In the 1950s and 1960s, he collected Wilding stamps, the first definitive issues of HM Queen Elizabeth’s reign. At the same time, his work required him to study security printing which helped him in his philatelic activities. His first articles began appearing in the philatelic press.
From their introduction in 1967, he studied and collected Machins, the definitive stamps carrying The Queen’s head designed by Arnold Machin. Soon after Britain adopted decimalised currency in February 1971, DGAM (with three other eminent philatelists) founded two Study Circles, the aims of which were to promote the collection and study of modern philately. The two bodies were the Great Britain Decimal Stamp Book Study Circle (GB DSB SC) and the British Decimal Stamps Study Circle (BDSSC). These two later combined to become the Modern British Philatelic Circle which continues to flourish today with a membership of over 500 people world-wide.
DGAM was the founding Editor of GB DSB SC. He devised many of the nomenclatures to describe the books’ characteristics and these nomenclatures are today’s accepted international standards.
He was a prolific writer for the British Philatelic Bulletin and was been voted ‘Favourite Bulletin author’ in a poll of the readers in most of the years that the polls were held. He managed to translate his deep knowledge and enthusiasm for the subject into articles which have a wide topical interest.
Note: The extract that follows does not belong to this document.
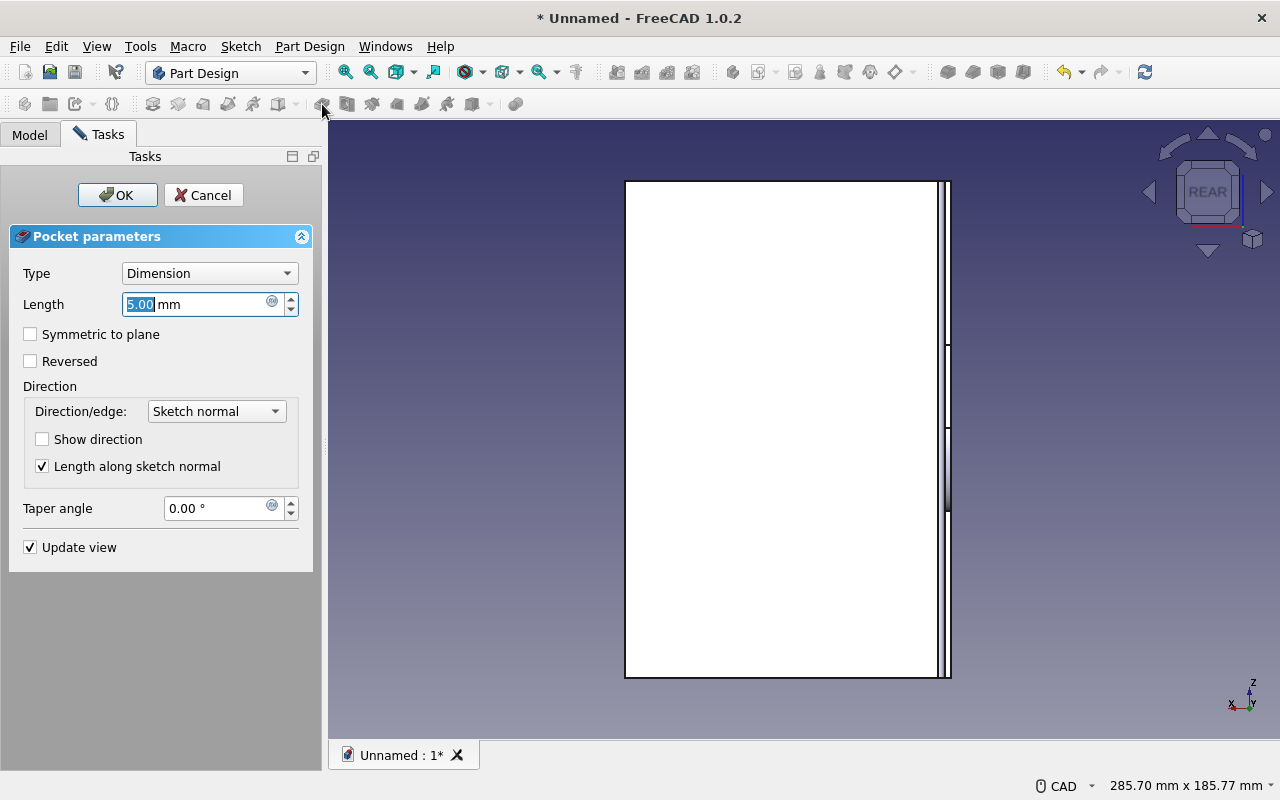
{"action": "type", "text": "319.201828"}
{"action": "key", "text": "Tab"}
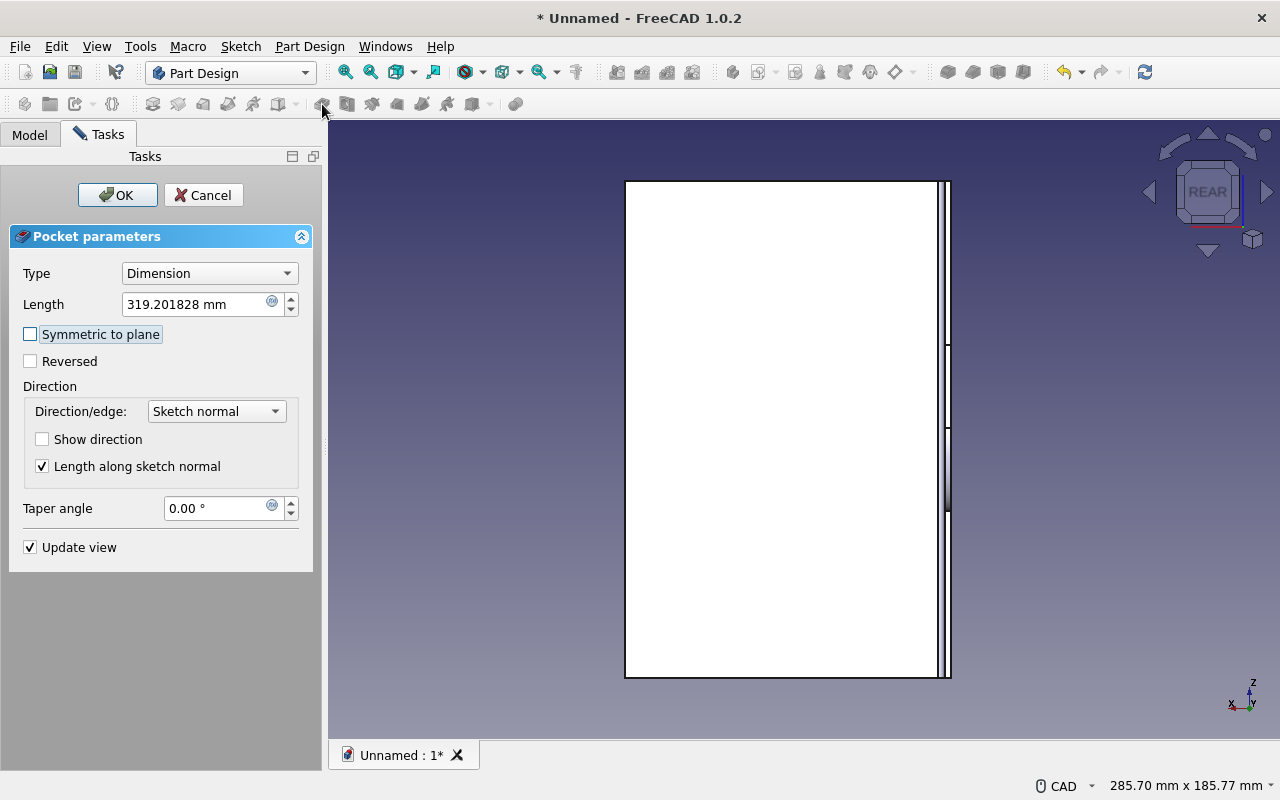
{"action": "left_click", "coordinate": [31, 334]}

As well as writing for the Circles’ publication and the Philatelic Bulletin, he wrote and published many articles for a wide variety of publications including The GB Journal of the Great Britain Philatelic Society and Stamp Collecting magazine. These complemented his own personal publications.
During his studies, he was not content with the way that established catalogues were handling the potential criteria to study Machin stamps. In the end, he decided to write his own reference work, with an aspiration to be as exhaustive and precise as possible.
To many, his greatest achievement has been the writing and publishing of The Complete Deegam® Machin Handbook, which details all aspects and features of the Machin issues and is universally accepted as the ‘bible’ on the subject. First published in 1993, a second and a third edition followed. The latter, in July 2003, contained 1,272 pages. This renowned work received accolades from far and wide. Amongst the awards given for this work have been the National Postal Museum medal for research (1997); Gold Medal at ChicagoPex (1997); Silver Gilt medal, Stampex (1997); Vermeil, Palmerston, New Zealand (1997); Gold medal, Korpex 2000.
The present electronic edition, available on CD-ROM only, first arrived on the scene in April 2010. The files are regularly updated every eight weeks or so. The issued version is thus always current. Companion Deegam® Reports are made available to subscribers.
Such was Douglas’s contribution to modern philately that he was honoured by being made a Fellow of The Royal Philatelic Society London, granted in December 2011.
Aside from the Machins, Douglas collected British perfins on covers. Outside of philately, he was interested in photography and, in particular, the macro photography of insects. Some of his trips abroad provided some fascinating subjects!
He was very much a family man and shared most of his adult life with his wife, Kath, who died in 2014. They had two daughters, Delia and Fiona, and they and their families were Douglas’s greatest interests. He will be sorely missed.
As Douglas wished, the Deegam project will continue.